GOAL OF THE EXERCISE. Skip every picture and copy only the lines from the one containing "return eval(tree->left) +" to the final line of the records below.
INPUT DATA Start Marker
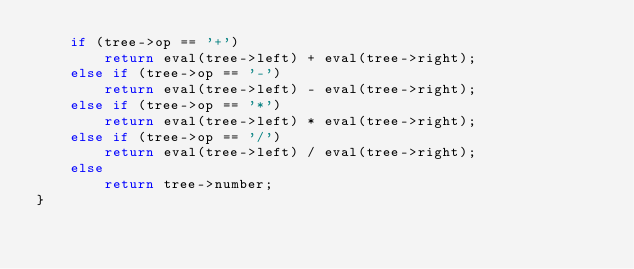<code> <loc_0><loc_0><loc_500><loc_500><_C++_>    if (tree->op == '+')
        return eval(tree->left) + eval(tree->right);
    else if (tree->op == '-')
        return eval(tree->left) - eval(tree->right);
    else if (tree->op == '*')
        return eval(tree->left) * eval(tree->right);
    else if (tree->op == '/')
        return eval(tree->left) / eval(tree->right);
    else
        return tree->number;
}
</code> 
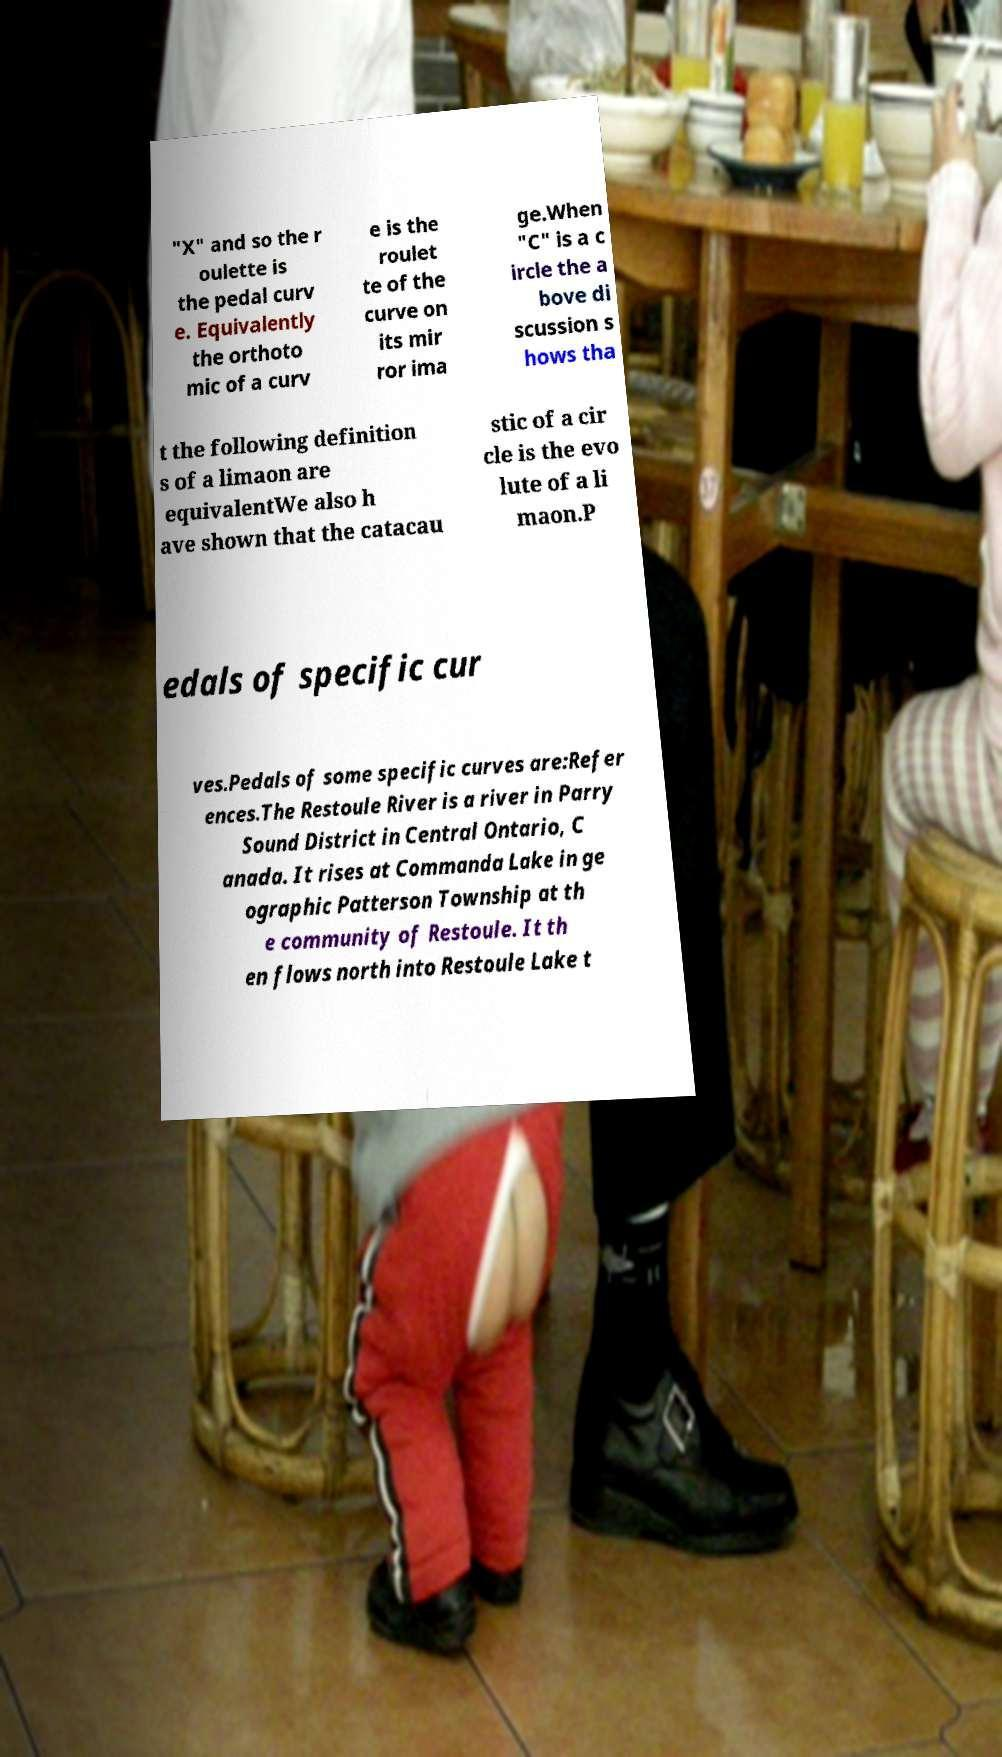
INPUT DATA End Marker
SOLUTION TO THE PROBLEM.
        return eval(tree->left) + eval(tree->right);
    else if (tree->op == '-')
        return eval(tree->left) - eval(tree->right);
    else if (tree->op == '*')
        return eval(tree->left) * eval(tree->right);
    else if (tree->op == '/')
        return eval(tree->left) / eval(tree->right);
    else
        return tree->number;
}
</code> 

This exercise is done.